Ornette Coleman, 1930 – 2015

I didn’t understand Ornette for a long time. Growing up and studying jazz saxophone, my influences were more inside – Trane, Bird the usual. Ornette’s music freaked me out; it was beyond my scope. All that noise, no order!

I only started to get into Ornette as I approached my 30s, and of course, I fell in love with his music. That makes sense, since you kinda have to understand the rules before you can fully get why the ways he broke them were so cool. Then again, it’s not all about rules: There’s a beauty to the sounds he would make, and that beauty stands on its own. I couldn’t always hear it, but I’m glad I can now.

Every so often I come to understand and love a new type of music that I had previously dismissed. It’s one of the most crucial aspects of the musical journey. That change in perception is proof that we’re not dead yet – we’re all still learning to hear the world in a new way. I’ll always be thankful to Ornette for showing me such a beautiful new way to hear the world.

– Kirk Hamilton

I spent a mostly miserable year at SUNY-Buffalo. My roommate was an obnoxious drunk. My dorm neighbors all wanted me gone. The weather sucked. I spent more time in the computer lab than the classroom. But there were some positives: I made several friends who I still keep in touch with; my interest in progressive rock turned into a full-blown obsession; and in my honors History of Jazz class, I heard a piece that just blew my mind: “Free Jazz” by Ornette Coleman’s double quartet, featuring Coleman on sax, Don Cherry on trumpet and Eric Dolphy on clarinet. I never became much of a jazz guy, but I can recognize that the music is both chaotic and beautiful at the same time.

– Don Becker

Oddly my story with Ornette Coleman starts later than most things I write about on Unwinnable. I say this because I grew up in a house with jazz enthusiast parents. I knew the Miles Davis album Kind Of Blue and Birth of the Cool inside and out while I was taking breaks from playing Metroid. I was well aware of who Charlie Parker, Sonny Rollins, Billie Holiday, Herbie Hancock, Dizzy Gillespie and Dave Brubeck were while I was in the single digits. Still, it wasn’t until college that a friend introduced me to the crazy next level of avant garde jazz, and the shape of jazz to come himself, Ornette Coleman.
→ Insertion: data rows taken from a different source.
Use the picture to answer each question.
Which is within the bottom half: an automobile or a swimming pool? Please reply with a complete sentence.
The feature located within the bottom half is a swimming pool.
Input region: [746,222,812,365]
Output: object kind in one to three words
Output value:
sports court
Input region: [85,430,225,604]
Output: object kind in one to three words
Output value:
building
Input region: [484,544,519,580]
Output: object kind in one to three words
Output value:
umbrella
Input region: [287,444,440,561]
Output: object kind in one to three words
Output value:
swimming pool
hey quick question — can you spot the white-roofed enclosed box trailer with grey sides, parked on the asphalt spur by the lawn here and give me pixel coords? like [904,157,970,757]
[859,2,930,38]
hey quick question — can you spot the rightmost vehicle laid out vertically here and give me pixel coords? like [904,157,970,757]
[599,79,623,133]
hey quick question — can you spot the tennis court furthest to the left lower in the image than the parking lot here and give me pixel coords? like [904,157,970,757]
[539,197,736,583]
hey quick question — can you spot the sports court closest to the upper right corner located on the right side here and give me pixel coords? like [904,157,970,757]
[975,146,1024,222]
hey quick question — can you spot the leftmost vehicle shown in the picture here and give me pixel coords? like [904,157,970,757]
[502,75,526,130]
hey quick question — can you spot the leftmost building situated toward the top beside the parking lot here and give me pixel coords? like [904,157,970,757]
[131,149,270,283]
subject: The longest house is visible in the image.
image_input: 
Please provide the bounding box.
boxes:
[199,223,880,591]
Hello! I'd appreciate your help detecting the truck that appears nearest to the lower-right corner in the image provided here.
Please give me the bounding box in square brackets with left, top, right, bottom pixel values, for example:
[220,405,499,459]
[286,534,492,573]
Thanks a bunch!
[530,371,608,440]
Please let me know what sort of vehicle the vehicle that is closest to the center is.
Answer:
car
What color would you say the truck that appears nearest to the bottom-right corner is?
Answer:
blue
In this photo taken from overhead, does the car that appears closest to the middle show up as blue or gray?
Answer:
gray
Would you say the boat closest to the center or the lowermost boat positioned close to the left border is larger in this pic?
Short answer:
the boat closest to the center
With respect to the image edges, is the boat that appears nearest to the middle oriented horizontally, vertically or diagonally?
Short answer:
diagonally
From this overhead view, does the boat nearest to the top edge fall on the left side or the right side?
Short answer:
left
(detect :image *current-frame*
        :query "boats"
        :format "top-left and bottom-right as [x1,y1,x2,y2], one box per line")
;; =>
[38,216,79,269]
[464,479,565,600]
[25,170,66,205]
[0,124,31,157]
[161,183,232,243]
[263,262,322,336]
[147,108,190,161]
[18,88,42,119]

Jazz these days is a creature slowly evolving into something strange and wonderful. The really good stuff operates mostly outside mainstream culture, except for when the influences can be heard in music ranging from noise rock to hardcore punk to hip hop, pop music to classical. Guys like Ornette Coleman knew there were many places to take the music, and he broke the traditional jazz songwriting machine and reconstructed it without an instruction manual.
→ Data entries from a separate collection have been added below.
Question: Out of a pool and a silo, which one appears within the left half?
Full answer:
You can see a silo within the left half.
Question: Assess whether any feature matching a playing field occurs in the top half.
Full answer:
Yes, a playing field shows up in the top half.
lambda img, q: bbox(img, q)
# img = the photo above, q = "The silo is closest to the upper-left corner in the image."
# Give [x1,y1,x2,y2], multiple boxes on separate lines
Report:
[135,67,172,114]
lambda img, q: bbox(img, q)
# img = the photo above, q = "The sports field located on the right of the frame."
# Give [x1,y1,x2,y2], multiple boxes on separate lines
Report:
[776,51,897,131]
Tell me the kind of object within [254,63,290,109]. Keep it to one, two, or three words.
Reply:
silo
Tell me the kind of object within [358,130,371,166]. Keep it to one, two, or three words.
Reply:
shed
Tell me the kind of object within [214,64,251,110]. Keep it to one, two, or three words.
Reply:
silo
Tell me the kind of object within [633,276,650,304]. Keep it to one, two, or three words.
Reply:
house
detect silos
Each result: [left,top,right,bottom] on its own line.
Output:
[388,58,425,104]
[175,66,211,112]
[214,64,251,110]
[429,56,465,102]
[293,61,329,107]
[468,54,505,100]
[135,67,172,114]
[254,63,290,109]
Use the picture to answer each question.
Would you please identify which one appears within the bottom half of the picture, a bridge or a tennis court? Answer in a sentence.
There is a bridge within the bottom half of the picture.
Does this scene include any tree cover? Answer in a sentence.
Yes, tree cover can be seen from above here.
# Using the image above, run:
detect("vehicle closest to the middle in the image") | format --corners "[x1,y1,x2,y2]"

Listening to his music is a constantly evolving adventure with many exciting twists, turns and loops. There really is something for everyone in the extensive catalogue of Ornette Coleman, a discography that spans up until 2006 with his album Song Grammar. It’s all over the internet and out there in the dusty bins of record stores, go out on a quest and find it. I recommend The Shape of Jazz to Come as a starting point, or Ornette! or even Free Jazz if you’re feeling adventurous.

Ornette Coleman talked about himself and life in a cosmic manner, because he was a dude that thought outside this world. He never went as far as Sun Ra, who flat out claimed to be from Saturn, but like Sun Ra he brought music from another world to ours, and in turn made our world a richer place. Another of the few remaining jazz masters has passed, rest in peace.